Activist: How do people feel about Jack, knowing that he’s an active Democrat?
“Customer”: Okay, actually. He doesn’t push his politics down people’s throats. He’s just one of us, only he votes differently.
“Activist”: Hmmm . . . [Pause.] How do you think your family and friends would react if you took the same approach as Jack? Voted Democratic but didn’t shove it down their throats?
“Customer”: Probably not too badly. Yeah, it probably wouldn’t be so bad at all. . . . In fact, my family wouldn’t mind too much: it’s my wife’s family I’m more worried about. They’re really bedrock Republicans. But they live on the other side of the state and we don’t actually see them that much . . . and, actually, I don’t really care what they think, too much, anyway. My wife can handle them . . . she’s pretty tough. [Laughs.]
The Path of Persuasion
In the above example, the Restate and Ponder & Present Solution steps help the activist demonstrate his honest understanding of, and respect for, the customer and his situation—and therefore, implicitly, his esteem for the customer. In doing so, he not only forges a bond with the customer, but helps him feel safe enough, psychologically speaking, to contemplate adopting the activist’s viewpoint and taking the action the activist desires. The “path of persuasion” that leads to a customer’s taking a desired action often looks like this:
1. The customer begins with a natural distrust or suspicion of, if not the activist himself or herself, the thing the activist is trying to sell him.
2. After some discussion, the customer starts to trust the activist, and perceive him as an ally in making the difficult decision of whether or not to take the action. He sees that he can draw on the activist’s strength and support, as well as other resources the activist may provide, such as information.
3. The customer gains a fuller appreciation for the rightness of the activist’s position. He may or may not see the action the activist wishes him to take as necessary or desirable, however—or the negatives of it may still outweigh the positives.
4. The customer starts to see himself as being on the same side of the question as the activist. The action the activist wishes him to take now starts to seem increasingly sensible, if not imperative.

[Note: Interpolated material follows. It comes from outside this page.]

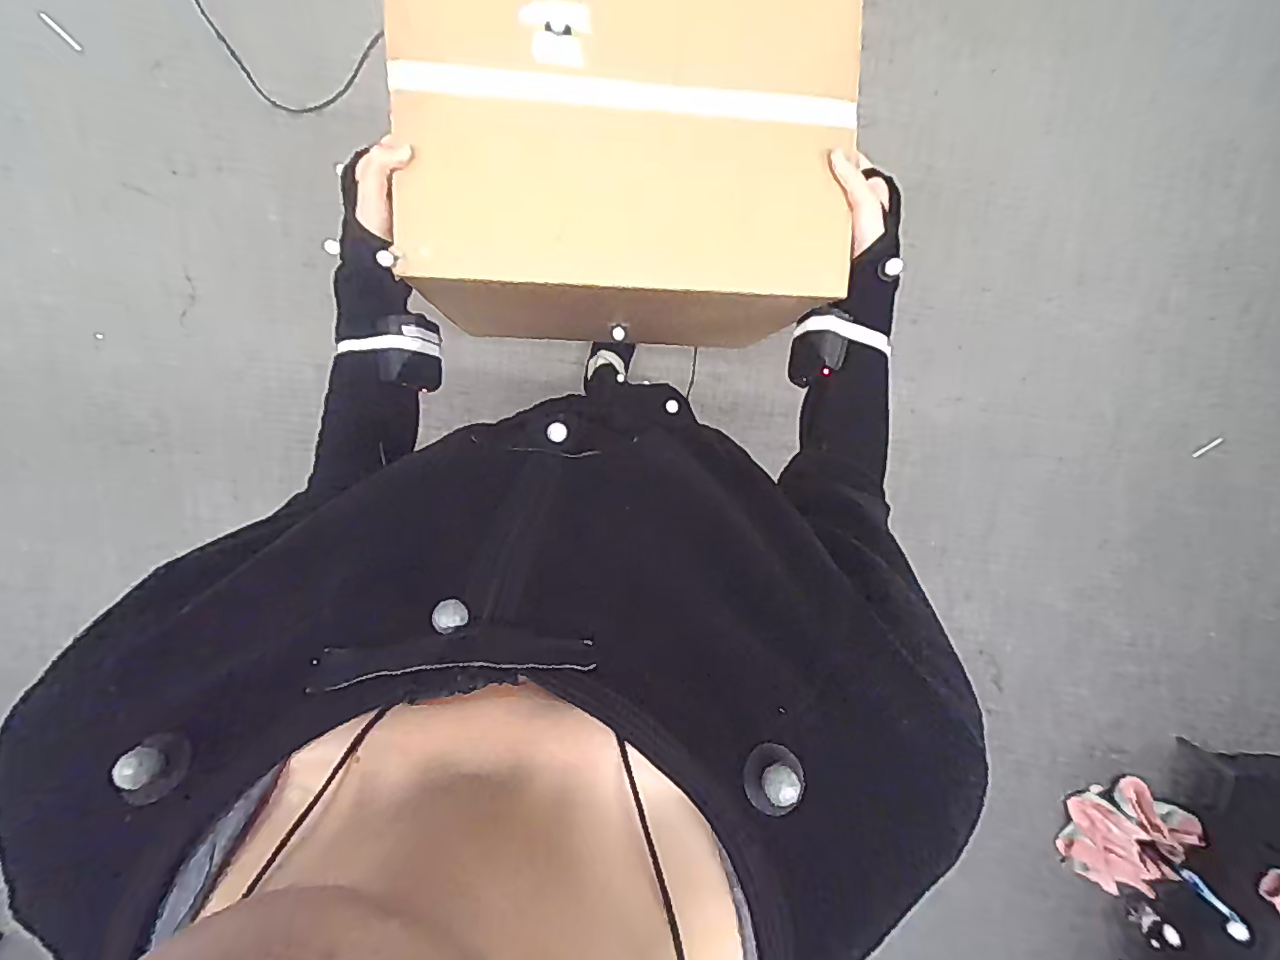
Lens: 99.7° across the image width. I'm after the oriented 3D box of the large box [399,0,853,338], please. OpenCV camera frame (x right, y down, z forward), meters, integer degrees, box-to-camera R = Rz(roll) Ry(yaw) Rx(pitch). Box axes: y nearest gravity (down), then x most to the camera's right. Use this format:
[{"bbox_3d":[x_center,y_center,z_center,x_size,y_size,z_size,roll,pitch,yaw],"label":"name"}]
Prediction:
[{"bbox_3d":[-0.019,-0.343,0.626,0.408,0.320,0.320,0,95,-6],"label":"large box"}]

5. At some point, the customer starts to view the positive consequences of taking the action as outweighing the negative ones. The action, therefore, seems increasingly doable. At some point, discussion may shift from theory and philosophy to planning—i.e., a detailed examination of the actual steps needed to take the action—and to ways any obstacles can be avoided or overcome.
6. The customer agrees to take the action.

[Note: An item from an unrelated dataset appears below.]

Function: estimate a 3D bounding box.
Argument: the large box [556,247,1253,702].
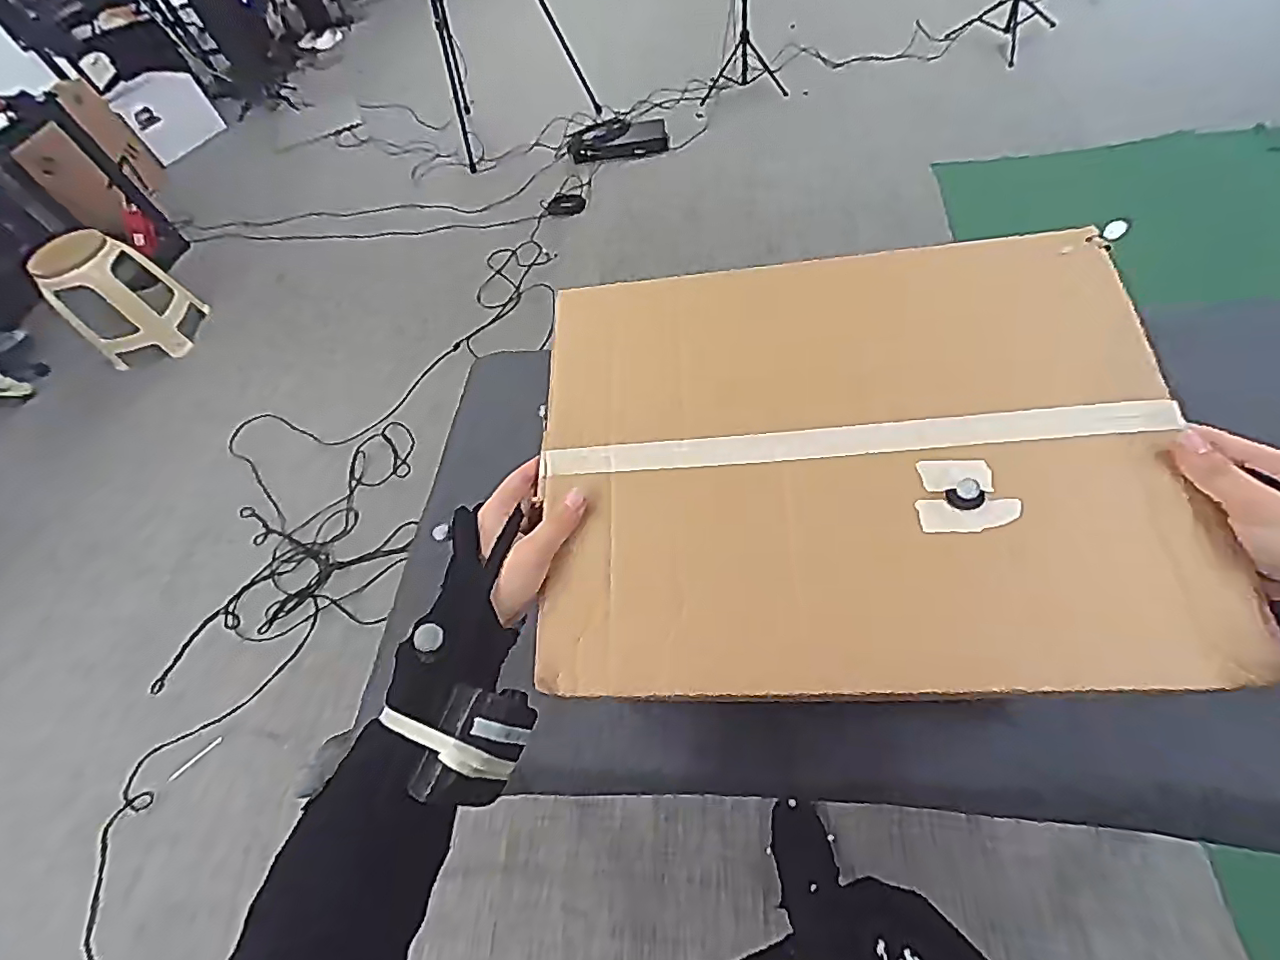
[{"bbox_3d":[0.156,0.035,0.510,0.408,0.320,0.320,-4,68,7],"label":"large box"}]

7. The customer takes the action. The activist continues to support him.
8. The customer has taken the action. The activist continues to support him.
9. At some point after the action has taken place, the customer is ready to consider taking a new action. The path of persuasion begins anew—only this time, it is likely to go easier and more quickly, thanks to the strengthened relationship between the customer and the activist, and the fact that the customer is now more fully on the same side of the issue as the activist.
That’s the sales/activism process at its best, and it is fueled by the simple but powerful act of honestly esteeming someone.